# [Activity]
All lines from the first line of the material up to and including the line with "Offer a very short reply. No." must be copied exactly, and no others.

# [Exercise data]
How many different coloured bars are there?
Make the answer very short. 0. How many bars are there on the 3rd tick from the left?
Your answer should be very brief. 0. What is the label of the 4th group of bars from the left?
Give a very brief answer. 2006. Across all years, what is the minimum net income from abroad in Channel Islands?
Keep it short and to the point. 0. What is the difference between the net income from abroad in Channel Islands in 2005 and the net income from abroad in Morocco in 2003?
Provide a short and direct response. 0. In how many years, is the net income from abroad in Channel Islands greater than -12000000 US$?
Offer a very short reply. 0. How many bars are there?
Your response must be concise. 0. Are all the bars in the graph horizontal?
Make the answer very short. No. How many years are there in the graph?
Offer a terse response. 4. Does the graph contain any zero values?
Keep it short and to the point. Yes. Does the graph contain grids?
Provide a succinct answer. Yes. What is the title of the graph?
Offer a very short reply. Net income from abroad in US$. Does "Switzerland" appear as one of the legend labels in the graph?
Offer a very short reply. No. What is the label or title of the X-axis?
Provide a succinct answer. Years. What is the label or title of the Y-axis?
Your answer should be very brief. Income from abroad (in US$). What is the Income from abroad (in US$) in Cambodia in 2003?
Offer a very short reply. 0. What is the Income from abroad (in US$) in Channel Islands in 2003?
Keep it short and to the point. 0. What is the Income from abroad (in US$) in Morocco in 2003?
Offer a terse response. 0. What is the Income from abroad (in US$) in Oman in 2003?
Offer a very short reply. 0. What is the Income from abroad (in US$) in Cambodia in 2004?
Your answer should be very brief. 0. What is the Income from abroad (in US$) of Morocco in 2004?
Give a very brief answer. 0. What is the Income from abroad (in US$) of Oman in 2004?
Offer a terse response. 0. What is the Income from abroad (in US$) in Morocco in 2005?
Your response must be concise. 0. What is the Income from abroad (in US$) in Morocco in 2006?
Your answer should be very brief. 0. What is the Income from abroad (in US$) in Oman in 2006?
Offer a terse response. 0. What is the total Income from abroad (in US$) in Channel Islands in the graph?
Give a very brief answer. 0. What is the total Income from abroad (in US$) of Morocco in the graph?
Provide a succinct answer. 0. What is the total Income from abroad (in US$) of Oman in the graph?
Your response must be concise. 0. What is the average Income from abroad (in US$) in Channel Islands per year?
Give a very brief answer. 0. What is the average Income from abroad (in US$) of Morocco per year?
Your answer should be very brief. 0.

# [Task output]
How many different coloured bars are there?
Make the answer very short. 0. How many bars are there on the 3rd tick from the left?
Your answer should be very brief. 0. What is the label of the 4th group of bars from the left?
Give a very brief answer. 2006. Across all years, what is the minimum net income from abroad in Channel Islands?
Keep it short and to the point. 0. What is the difference between the net income from abroad in Channel Islands in 2005 and the net income from abroad in Morocco in 2003?
Provide a short and direct response. 0. In how many years, is the net income from abroad in Channel Islands greater than -12000000 US$?
Offer a very short reply. 0. How many bars are there?
Your response must be concise. 0. Are all the bars in the graph horizontal?
Make the answer very short. No. How many years are there in the graph?
Offer a terse response. 4. Does the graph contain any zero values?
Keep it short and to the point. Yes. Does the graph contain grids?
Provide a succinct answer. Yes. What is the title of the graph?
Offer a very short reply. Net income from abroad in US$. Does "Switzerland" appear as one of the legend labels in the graph?
Offer a very short reply. No. What is the label or title of the X-axis?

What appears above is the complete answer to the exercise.